Recorded data:
*-*-*

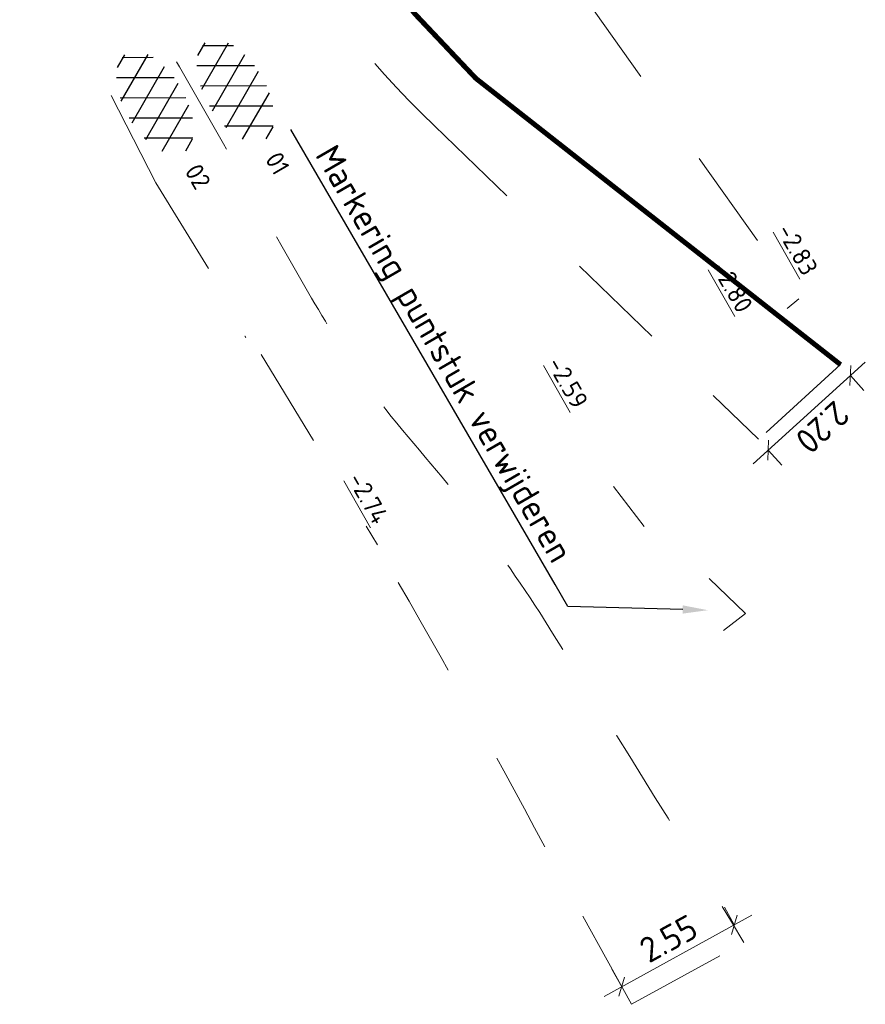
# Model space of a CAD drawing. Header units: metres. Extents: x 111691 to 117439, y 474133 to 478789.
# Tile 2 of 127: x 114938 to 114955, y 475501 to 475521. Entities that reach past the tile are written whole.
import ezdxf
from ezdxf import colors
from ezdxf.entities.mleader import LeaderData, LeaderLine
from ezdxf.enums import TextEntityAlignment as Align
from ezdxf.math import Vec2, Vec3

# ---------------------------------------------------------------- set-up
doc = ezdxf.new("R2010")
doc.units = ezdxf.units.M
for name, pattern in [('VW-1-1_STREEP', [2, 1, -1]), ('VW-1-3_STREEP', [4, 1, -3]), ('XX-HIDDEN', [4, 2, -2])]:
    doc.linetypes.add(name, pattern=pattern)
doc.layers.get('Defpoints').update_dxf_attribs({"lineweight": 25})
for name, color, linetype, lineweight in [('N-WE-VH-HOOGTELABEL-T18', 2, 'Continuous', 18), ('N-WE-VH-MATERIAALGRENS-G', 7, 'XX-HIDDEN', 18), ('N-WE-VH-VERHARDING_ASFALT-S', 7, 'Continuous', 25), ('N-WE-VH-VERHARDING_ASFALT_ROOD-S', 1, 'Continuous', 25), ('N-WE-VW-MARKERING_LANGS_STREEP_11_010-G', 7, 'VW-1-1_STREEP', 13), ('N-WE-VW-MARKERING_LANGS_STREEP_13_010-G', 7, 'VW-1-3_STREEP', 13), ('X-XX-AL-AANPIJLING-M', 7, 'Continuous', 18), ('X-XX-AL-AANPIJLING-T25', 7, 'Continuous', 25)]:
    doc.layers.add(name, color=color, linetype=linetype, lineweight=lineweight)
doc.styles.add('NLCS-ISO', font='NLCS-ISO.ttf')
doc.styles.add('NLCS-ISO-ANNOTATIEF-T25', font='NLCS-ISO.ttf', dxfattribs={"height": 2.5})
doc.styles.add('NLCS-ISO-M200-T18', font='NLCS-ISO.ttf', dxfattribs={"height": 0.36})
doc.dimstyles.new('NLCS-ANNOTATIEF-T25-SCHRAP_L2_H1', dxfattribs={"dimtxt": 2.5, "dimasz": 1.4, "dimexe": 2, "dimexo": 2, "dimgap": 0.7, "dimtad": 1, "dimzin": 0, "dimdsep": 46, "dimtxsty": 'NLCS-ISO-ANNOTATIEF-T25', "dimblk": 'OBLIQUE', "dimcen": 0, "dimdle": 2, "dimclrd": 256, "dimclre": 256, "dimclrt": 256, "dimadec": 1, "dimazin": 0, "dimtfac": 1, "dimtdec": 3, "dimtofl": 0, "dimtmove": 0, "dimatfit": 3, "dimldrblk": 'OBLIQUE', "dimfxl": 2, "dimfxlon": 1, "dimtfillclr": 256, "dimtolj": 1, "dimtzin": 0, "dimlwd": -1, "dimlwe": -1, "dimarcsym": 0})

# ---------------------------------------------------------------- blocks, each defined once
blk = doc.blocks.new('SVH-ASFALT-SO')
at = {"ltscale": 0.1}
for p, q in [((-1.91, 0.692), (0.948, 5.641)), ((2.754, -0.217), (-0.469, 5.365)), ((0, 0), (3.268, 5.66)), ((4.868, 0.122), (1.647, 5.7)), ((2.176, -0.232), (5.322, 5.217)), ((6.701, 0.946), (4.043, 5.55)), ((-3.364, 2.174), (-1.828, 4.834)), ((0.361, -0.072), (-2.305, 4.546)), ((4.657, 0.065), (7.07, 4.246)), ((7.828, 2.995), (7.146, 4.176)), ((-2.72, 1.264), (-3.454, 2.536))]:
    blk.add_line(p, q, dxfattribs=at)
at = {"style": 'NLCS-ISO'}
blk.add_attdef('KLEUR', text='', height=1.8, dxfattribs=at).set_placement((9.486, 2.741), align=Align.MIDDLE_LEFT)
at = {"style": 'NLCS-ISO', "flags": 1}
blk.add_attdef('FUNCTIE', text='', height=1.8, dxfattribs=at).set_placement((0.116, -3.585), align=Align.MIDDLE_CENTER)
blk = doc.blocks.new('_Oblique')
at = {"color": 0, "linetype": 'ByBlock', "lineweight": -2}
blk.add_line((-0.5, -0.5), (0.5, 0.5), dxfattribs=at)
blk = doc.blocks.new('*D361')
at = {"layer": 'Defpoints', "color": 0, "transparency": 16777216}
for p in [(114954.467, 475513.698), (114952.836, 475512.216), (114953.031, 475512)]:
    blk.add_point(p, dxfattribs=at)
at = {"layer": 'X-XX-AL-AANPIJLING-M', "transparency": 16777216}
for p, q in [((114954.959, 475513.752), (114952.735, 475511.731)), ((114954.663, 475513.483), (114954.932, 475513.187)), ((114953.031, 475512), (114953.3, 475511.704))]:
    blk.add_line(p, q, dxfattribs=at)
at = {"layer": 'X-XX-AL-AANPIJLING-M', "transparency": 16777216, "xscale": 0.28, "yscale": 0.28, "zscale": 0.28}
for p, rotation in [((114954.663, 475513.483), 42.25514127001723), ((114953.031, 475512), 222.2551412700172)]:
    blk.add_blockref('_Oblique', p, dxfattribs=dict(at, rotation=rotation))
at = {"layer": 'X-XX-AL-AANPIJLING-M', "transparency": 16777216, "insert": (114954.109, 475512.453), "char_height": 0.5, "attachment_point": 5, "rotation": 222.2551, "style": 'NLCS-ISO-ANNOTATIEF-T25'}
blk.add_mtext('\\A1;2.20', dxfattribs=at)
blk = doc.blocks.new('*D365')
at = {"layer": 'Defpoints', "color": 0, "transparency": 16777216}
for p in [(114952.551, 475502.222), (114950.124, 475501.343), (114950.316, 475500.993)]:
    blk.add_point(p, dxfattribs=at)
at = {"layer": 'X-XX-AL-AANPIJLING-M', "transparency": 16777216}
for p, q in [((114952.358, 475502.572), (114952.165, 475502.922)), ((114952.709, 475502.765), (114949.773, 475501.15)), ((114950.124, 475501.343), (114949.931, 475501.693))]:
    blk.add_line(p, q, dxfattribs=at)
at = {"layer": 'X-XX-AL-AANPIJLING-M', "transparency": 16777216, "xscale": 0.28, "yscale": 0.28, "zscale": 0.28}
for p, rotation in [((114952.358, 475502.572), 28.81398838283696), ((114950.124, 475501.343), 208.813988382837)]:
    blk.add_blockref('_Oblique', p, dxfattribs=dict(at, rotation=rotation))
at = {"layer": 'X-XX-AL-AANPIJLING-M', "transparency": 16777216, "insert": (114951.053, 475502.299), "char_height": 0.5, "attachment_point": 5, "rotation": 28.814, "style": 'NLCS-ISO-ANNOTATIEF-T25'}
blk.add_mtext('\\A1;2.55', dxfattribs=at)

msp = doc.modelspace()

# ---------------------------------------------------------------- linework, layer by layer
at = {"layer": 'N-WE-VH-MATERIAALGRENS-G'}
for points in [[(114942.969, 475525.339), (114943.989, 475523.551, 0.071697), (114947.231, 475519.386), (114954.469, 475513.7), (114952.836, 475512.216)], [(114941.883, 475524.72), (114942.903, 475522.932, 0.072509), (114946.41, 475518.441), (114951.941, 475513.085), (114952.836, 475512.216)], [(114950.316, 475500.993), (114948.597, 475504.121, 0.009452), (114945.259, 475510.112)]]:
    msp.add_lwpolyline(points, format="xyb", dxfattribs=at)
for points in [[(114946.57, 475524.408), (114948.087, 475521.843), (114949.347, 475521.056), (114953.643, 475515.01), (114953.41, 475514.816)], [(114938.175, 475522.612), (114940.876, 475517.312), (114945.277, 475510.122)], [(114950.316, 475500.993), (114952.551, 475502.222)]]:
    msp.add_lwpolyline(points, dxfattribs=at)
msp.add_open_spline([(114939.307, 475523.19), (114940.86, 475520.467), (114942.413, 475517.744), (114943.965, 475515.021), (114944.333, 475514.41), (114945.184, 475512.997), (114946.949, 475511.103), (114947.982, 475509.55), (114948.497, 475508.776), (114949.86, 475506.598), (114951.223, 475504.42), (114952.551, 475502.222)], degree=3, knots=[0, 0, 0, 0, 1, 1, 1, 3.135175, 5.936809, 8.723902, 8.723902, 8.723902, 9.723902, 9.723902, 9.723902, 9.723902], dxfattribs=at)
at = {"layer": 'N-WE-VW-MARKERING_LANGS_STREEP_11_010-G'}
msp.add_arc((114943.948, 475515.011), 1.5, 209.6945, 211.0342, dxfattribs=at)
at = {"layer": 'N-WE-VW-MARKERING_LANGS_STREEP_13_010-G', "const_width": 0.1}
msp.add_lwpolyline([(114942.969, 475525.339), (114943.988, 475523.551, 0.071697), (114947.23, 475519.385), (114954.468, 475513.699), (114954.468, 475513.699)], format="xyb", dxfattribs=at)
at = {"layer": 'N-WE-VW-MARKERING_LANGS_STREEP_13_010-G'}
msp.add_lwpolyline([(114952.583, 475508.756), (114949.961, 475511.28), (114952.142, 475508.419)], close=True, dxfattribs=at)

# ---------------------------------------------------------------- block references
at = {"layer": 'N-WE-VH-VERHARDING_ASFALT-S', "xscale": 0.2, "yscale": 0.2, "zscale": 0.2, "rotation": 300.1117835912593}
msp.add_blockref('SVH-ASFALT-SO', (114941.764, 475519.24), dxfattribs=at).add_auto_attribs({'KLEUR': '01'})
at = {"layer": 'N-WE-VH-VERHARDING_ASFALT_ROOD-S', "xscale": 0.2, "yscale": 0.2, "zscale": 0.2, "rotation": 300.1117835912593}
msp.add_blockref('SVH-ASFALT-SO', (114940.168, 475519.003), dxfattribs=at).add_auto_attribs({'KLEUR': '02'})

# ---------------------------------------------------------------- texts
at = {"layer": 'N-WE-VH-HOOGTELABEL-T18', "style": 'NLCS-ISO-M200-T18'}
for s, p in [('%%U-2.83', (114953.192, 475516.364)), ('%%U-2.80', (114951.905, 475515.617)), ('%%U-2.59', (114948.632, 475513.719)), ('%%U-2.74', (114944.674, 475511.424))]:
    msp.add_text(s, height=0.36, rotation=299.7212, dxfattribs=at).set_placement(p)

# ---------------------------------------------------------------- dimensions: what is measured, and where the dimension line sits
at = {"layer": 'X-XX-AL-AANPIJLING-M'}
for p1, p2, distance, picture, middle in [((114954.467, 475513.698), (114952.836, 475512.216), 0.291, '*D361', (114954.109, 475512.453)), ((114952.551, 475502.222), (114950.316, 475500.993), -0.399, '*D365', (114951.053, 475502.299))]:
    dim = msp.add_aligned_dim(p1=p1, p2=p2, distance=distance, dimstyle='NLCS-ANNOTATIEF-T25-SCHRAP_L2_H1', dxfattribs=at)
    dim.commit()
    dim.dimension.update_dxf_attribs({"geometry": picture, "text_midpoint": middle})

# ---------------------------------------------------------------- leaders
at = {"layer": 'X-XX-AL-AANPIJLING-T25'}
ml = msp.add_multileader_mtext('Standard', dxfattribs=at)
ml.set_content('Markering puntstuk verwijderen', color=256, style='NLCS-ISO-ANNOTATIEF-T25')
ml.set_leader_properties(color=256, linetype='ByLayer', lineweight=-1)
ml.build(insert=Vec2(0, 0))
ml.multileader.update_dxf_attribs({"text_left_attachment_type": 5, "text_right_attachment_type": 5, "dogleg_length": 2.5, "arrow_head_size": 0.5, "scale": 0.2})
ctx = ml.context
ctx.base_point, ctx.scale, ctx.char_height, ctx.arrow_head_size, ctx.landing_gap_size, ctx.plane_origin, ctx.plane_x_axis, ctx.plane_y_axis = Vec3(114943.806, 475517.947), 0.2, 0.5, 0.5, 0.18, Vec3(114951.388, 475507.796), Vec3(0.501689, -0.865048), Vec3(0.865048, 0.501689)
ctx.left_attachment, ctx.right_attachment = 5, 5
notes = []
notes.append((ctx, [(1, (1, 1, 0), (114949.054, 475508.898), (-0.501689, 0.865048), 0.5, [(0, [(114951.835, 475508.822)], 0, [])])]))
ctx.mtext.insert, ctx.mtext.text_direction, ctx.mtext.rotation, ctx.mtext.flow_direction = Vec3(114944.459, 475518.117), Vec3(0.501689, -0.865048), 5.237939, 5
for ctx, leaders in notes:
    for number, flags, end, landing, length, lines in leaders:
        leader = LeaderData()
        leader.index, (leader.has_last_leader_line, leader.has_dogleg_vector, leader.attachment_direction) = number, flags
        leader.last_leader_point, leader.dogleg_vector, leader.dogleg_length = Vec3(end), Vec3(landing), length
        for number, points, colour, breaks in lines:
            line = LeaderLine()
            line.index, line.vertices, line.color, line.breaks = number, Vec3.list(points), colors.encode_raw_color(colour), breaks
            leader.lines.append(line)
        ctx.leaders.append(leader)

doc.saveas('drawing.dxf')

*-*-*

## Exercise
Scan the data above for the word "notes", then copy every line that holds it.

## Reply
notes = []
notes.append((ctx, [(1, (1, 1, 0), (114949.054, 475508.898), (-0.501689, 0.865048), 0.5, [(0, [(114951.835, 475508.822)], 0, [])])]))
for ctx, leaders in notes:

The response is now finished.